眼看话题要偏,莫昂咳了咳,不太高兴地说:“我现在不想听你们关系多好,他生病是怎么回事?”
“哦哦!阿宁上小学之前的性格就是个面团子,谁都能捏几下,比他小的都能欺负他,有时候我都受不了,太不爷们儿了。但是他上了小学,不知道脑子里怎么了,总说能看到奇怪的东西,做噩梦,整宿整宿的睡不着,那段时间他哭得眼睛都看不见,颜姨就特担心,带他去医院检查也没查出什么。
“开药回来吃也没用,学也上不了,每天就在家里躺着,一下睡一下醒,我还记得那个时候的阿宁,瘦的像只剩个脑袋,攥我的手让我保护他,我说我就在这里不走,保护你,睡吧睡吧,他才睡。那会儿他要是再不睡,可能就熬不过去了。哎哟现在回想起来,也挺心疼他的。”

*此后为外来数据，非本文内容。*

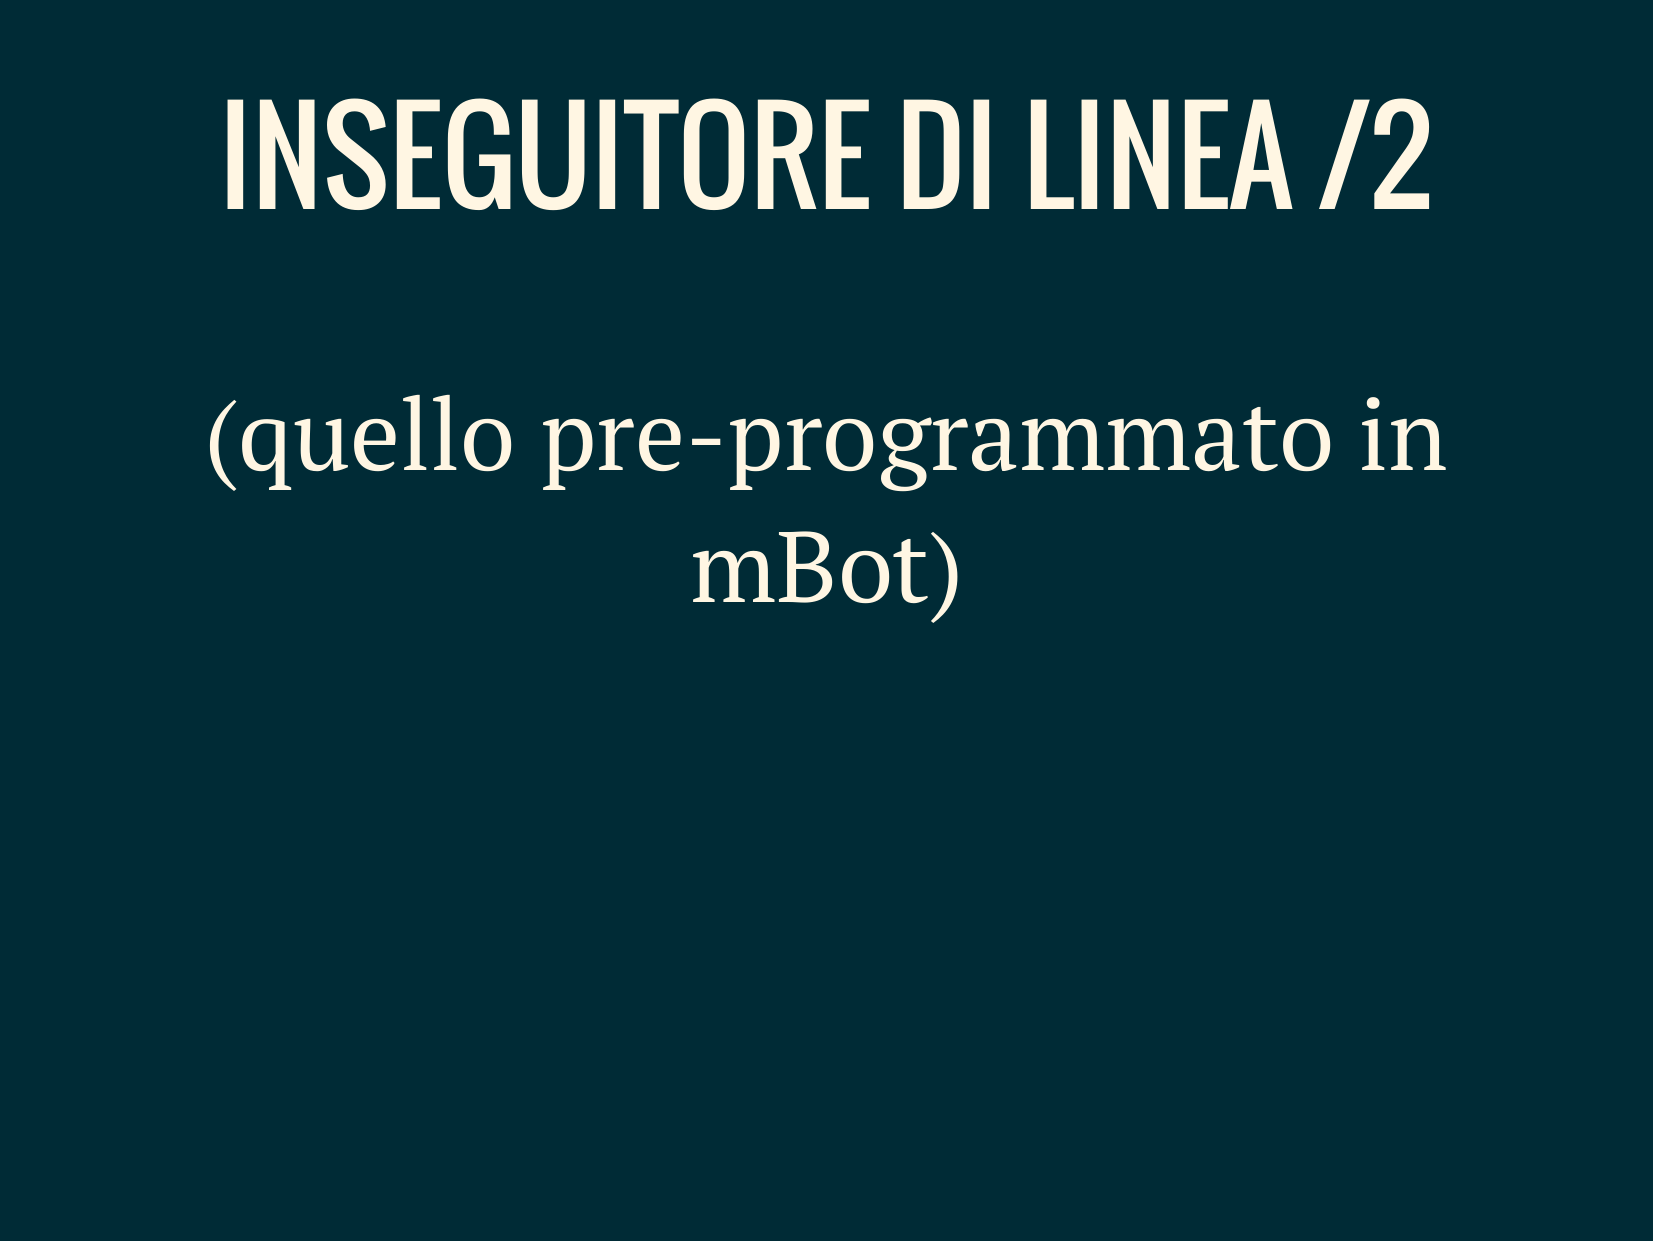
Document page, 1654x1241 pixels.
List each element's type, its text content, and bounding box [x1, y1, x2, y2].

text_box (quello pre-programmato in mBot) [82, 366, 1571, 1231]
title Inseguitore di linea /2 [82, 49, 1571, 257]

郑家欢长长地叹了口气,能让没心没肺的他记挂那么久的事,可想颜再宁有多让人揪心。
只是听这段回忆,莫昂的心也一抽一抽的疼,他不由得问自己当时在哪里,在荷兰还是法国?他身边有父母倾注的无限爱意,幸福得像世界中心的太阳,而颜再宁却被折磨得快要死去。
他忽然觉得拥有的美好变得冰冷、苍白。
“你知道他做的什么梦吗?”莫昂喑哑地问。
郑家欢摇了摇头,“太久了,记不太清,只知道他的梦里不管是家里还是学校里,都有人伤害他,很多人伤害他,他害怕。”
“……”
“后来他休学一年就好啦,性格也没那么包子了,虽然还是被人欺负,也懂得打回去。等他去道馆学武术之后,不说学校,这片区都没人打得过他,于是一步一步变成现在这幅模样,真是一点都不可爱了!”郑家欢自顾自说了一通,扭头一看莫昂,那惨白的脸色吓他一大跳。
“我靠哥,你没事吧?你们有钱人是不是都有点什么隐疾啊?”郑家欢扶着他不知所措,“120!要不要打120!”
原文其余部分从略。